Curtas ambientais
por Jaqueline B. Ramos*
Destaque: “Nossa saúde é inseparável da saúde do mundo natural”
Às vésperas da 9ª Conferência das Partes da Convenção da Diversidade Biológica, ocorrida no final de maio na Alemanha, a IUCN (International Union for Conservation of Nature) anunciou o lançamento de um livro com informações que demonstram, de forma clara e objetiva, a ligação direta da saúde humana com a biodiversidade do planeta. “Sustentando a vida: como a saúde humana depende da biodiversidade” (‘Sustaining Life: How Human Health Depends on Biodiversity’, editado por Oxford University Press) consiste em um detalhado estudo assinado por especialistas que mostra que uma nova geração de antibióticos e novos remédios para tratamentos de doenças como a osteoporose, falência dos rins e câncer estão ameaçados caso o mundo não faça algo para reverter os crescentes números de destruição de animais e plantas nos ambientes naturais.
Aaron Bernstein é pesquisador da Escola de Medicina da Universidade de Harvard e um dos autores do livro. Ele deu esta pequena entrevista, por e-mail, para o Informativo do Instituto Ecológico Aqualung:
O livro demonstra cientificamente que muitos estudos para avanços na medicina podem ficar comprometidos devido às altas taxas de extinção de espécies registradas. Você poderia destacar as principais ameaças?
Aaron: Apresentamos sete estudos de caso com ursos, caranguejo-ferradura, anfíbios, tubarões, primatas não-humanos, plantas giminospérmicas (com sementes desprotegidas) e moluscos e todos reforçam o fato das espécies ameaçadas serem muito importantes para a medicina. No caso do gênero dos moluscos, por exemplo, dentro dos quais podemos pensar em cerca de 700 espécies que vivem nos recifes de corais, é comprovado que eles produzem provavelmente o maior número e diversidade de substâncias terapêuticas usadas em tratamentos médicos.
Considerando que o Brasil é um dos países mais ricos do mundo em termos de biodiversidade, qual seria o papel do país neste contexto?

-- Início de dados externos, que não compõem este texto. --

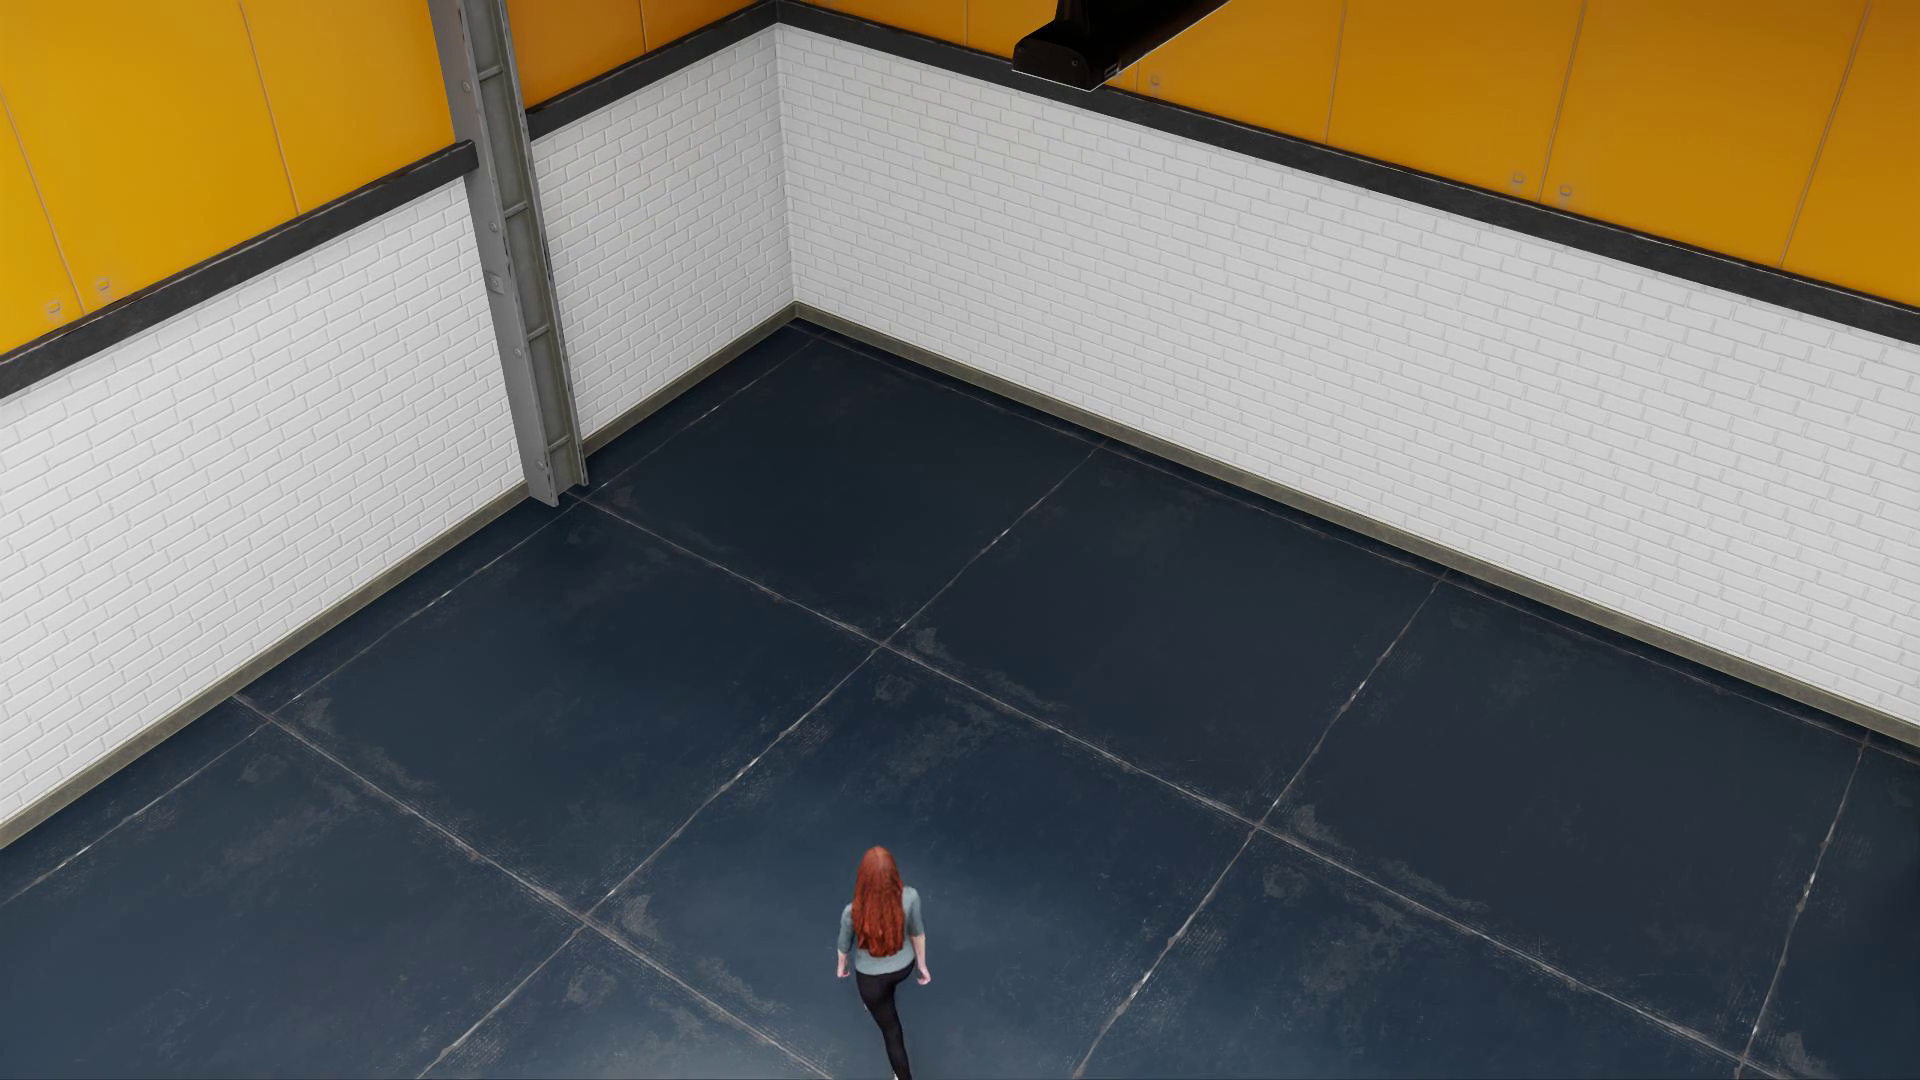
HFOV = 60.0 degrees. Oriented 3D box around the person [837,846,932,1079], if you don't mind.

Aaron: Há muitas espécies brasileiras, principalmente de sapos, nas quais vários novos peptideos antimicrobianos (pequenas proteínas que têm capacidade de matar bactérias) já foram identificados, inclusive alguns que ajudaram no desenvolvimento de remédios e avanços no tratamento de hipertensão no decorrer do último século. Felizmente, nenhuma dessas espécies se encontra ameaçada, mas o rápido crescimento do número de espécies brasileiras entrando na Red List alerta para o risco de não termos chance de conhecer animais e plantas antes deles desaparecerem.
Você afirmaria que o principal objetivo do livro é alertar os Governos sobre a importância da preservação da biodiversidade para questões de saúde pública?
Aaron: Sim, esperamos que o livro seja uma inspiração para mudanças políticas, mas também queremos ajudar todos a perceber que a nossa saúde é inseparável da saúde do mundo natural.
Origem da carne brasileira
O ex-beatle Paul McCartney tem feito um apelo, nos últimos meses, para as pessoas repensarem sua dieta em prol do meio ambiente. Mesmo não se tornando vegetarianas, ele afirma que a diminuição do consumo de carne, escolhendo dias específicos para cortá-la do cardápio, já seria de grande valia para a saúde do planeta. O argumento do músico inglês é embasado em pesquisas e dados que mostram o significativo impacto ambiental causado pela pecuária industrial, passando pela degradação de florestas para formação de pasto e pela grande quantidade de água utilizada para a criação dos animais.
Além do cenário internacional, a discussão sobre pecuária e problemas ambientais também vem ganhando manchetes de jornais no Brasil, pois o assunto está diretamente ligado à devastação da Amazônia. Visando descobrir se a carne vendida não provém de área de desmatamento ou de trabalho escravo e alertar o consumidor sobre a importância de conhecer a origem do produto comprado, o IDEC – Instituto Brasileiro de Defesa do Consumidor divulgou, no dia do meio ambiente (05/06), o resultado obtido depois de pedir informações detalhadas sobre a origem da carne vendida nas principais redes de supermercado do país. Infelizmente as informações passadas não foram muito convincentes ou esclarecedoras, segundo o instituto.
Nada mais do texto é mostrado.